**ACTIVITY**
Search the material below for the string "image" and extract each line that has it.

**EXERCISE INPUT**
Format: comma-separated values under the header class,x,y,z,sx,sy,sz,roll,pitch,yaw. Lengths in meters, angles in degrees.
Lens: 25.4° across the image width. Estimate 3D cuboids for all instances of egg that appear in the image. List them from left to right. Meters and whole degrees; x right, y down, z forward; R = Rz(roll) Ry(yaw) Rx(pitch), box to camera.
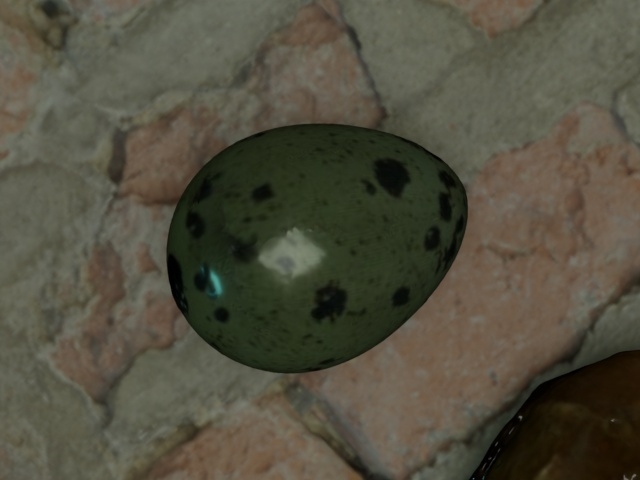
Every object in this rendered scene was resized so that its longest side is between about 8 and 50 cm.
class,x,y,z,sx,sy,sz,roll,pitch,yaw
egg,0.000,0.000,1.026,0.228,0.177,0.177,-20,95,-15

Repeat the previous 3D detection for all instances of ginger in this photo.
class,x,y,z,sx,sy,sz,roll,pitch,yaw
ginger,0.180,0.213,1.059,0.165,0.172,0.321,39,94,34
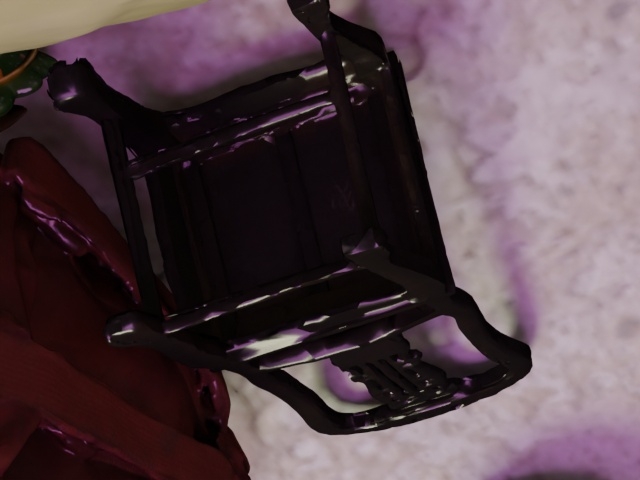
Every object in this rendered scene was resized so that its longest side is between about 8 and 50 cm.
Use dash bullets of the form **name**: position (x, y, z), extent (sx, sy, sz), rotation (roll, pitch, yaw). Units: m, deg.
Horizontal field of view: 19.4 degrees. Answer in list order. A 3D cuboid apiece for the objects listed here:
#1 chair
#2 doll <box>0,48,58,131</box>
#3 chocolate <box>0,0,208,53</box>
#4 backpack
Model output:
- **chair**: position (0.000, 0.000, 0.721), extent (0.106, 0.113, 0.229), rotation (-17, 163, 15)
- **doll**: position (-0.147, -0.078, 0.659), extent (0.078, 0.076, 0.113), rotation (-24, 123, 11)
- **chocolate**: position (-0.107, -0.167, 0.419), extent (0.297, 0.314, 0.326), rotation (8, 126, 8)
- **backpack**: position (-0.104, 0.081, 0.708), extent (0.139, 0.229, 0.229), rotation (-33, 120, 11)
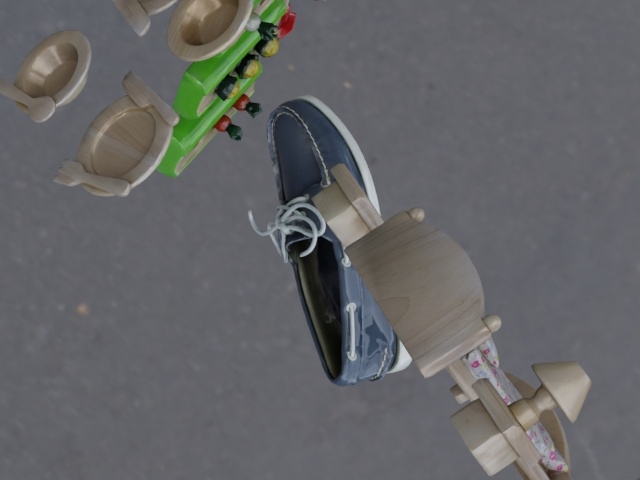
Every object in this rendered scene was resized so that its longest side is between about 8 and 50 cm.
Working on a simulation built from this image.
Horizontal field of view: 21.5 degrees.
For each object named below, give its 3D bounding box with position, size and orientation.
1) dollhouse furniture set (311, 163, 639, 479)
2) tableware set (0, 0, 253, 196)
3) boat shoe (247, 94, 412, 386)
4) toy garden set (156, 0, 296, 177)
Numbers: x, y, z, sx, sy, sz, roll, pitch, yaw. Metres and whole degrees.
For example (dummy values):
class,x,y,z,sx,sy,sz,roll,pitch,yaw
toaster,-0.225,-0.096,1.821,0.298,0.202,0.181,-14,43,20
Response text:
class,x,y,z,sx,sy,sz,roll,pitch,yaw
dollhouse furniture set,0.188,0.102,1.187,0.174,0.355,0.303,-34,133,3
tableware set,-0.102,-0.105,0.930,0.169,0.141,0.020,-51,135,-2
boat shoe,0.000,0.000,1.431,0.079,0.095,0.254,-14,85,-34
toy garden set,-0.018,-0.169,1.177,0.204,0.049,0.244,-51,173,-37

**OUTPUT BELOW**
Lens: 25.4° across the image width. Estimate 3D cuboids for all instances of egg that appear in the image. List them from left to right. Meters and whole degrees; x right, y down, z forward; R = Rz(roll) Ry(yaw) Rx(pitch), box to camera.
Working on a simulation built from this image.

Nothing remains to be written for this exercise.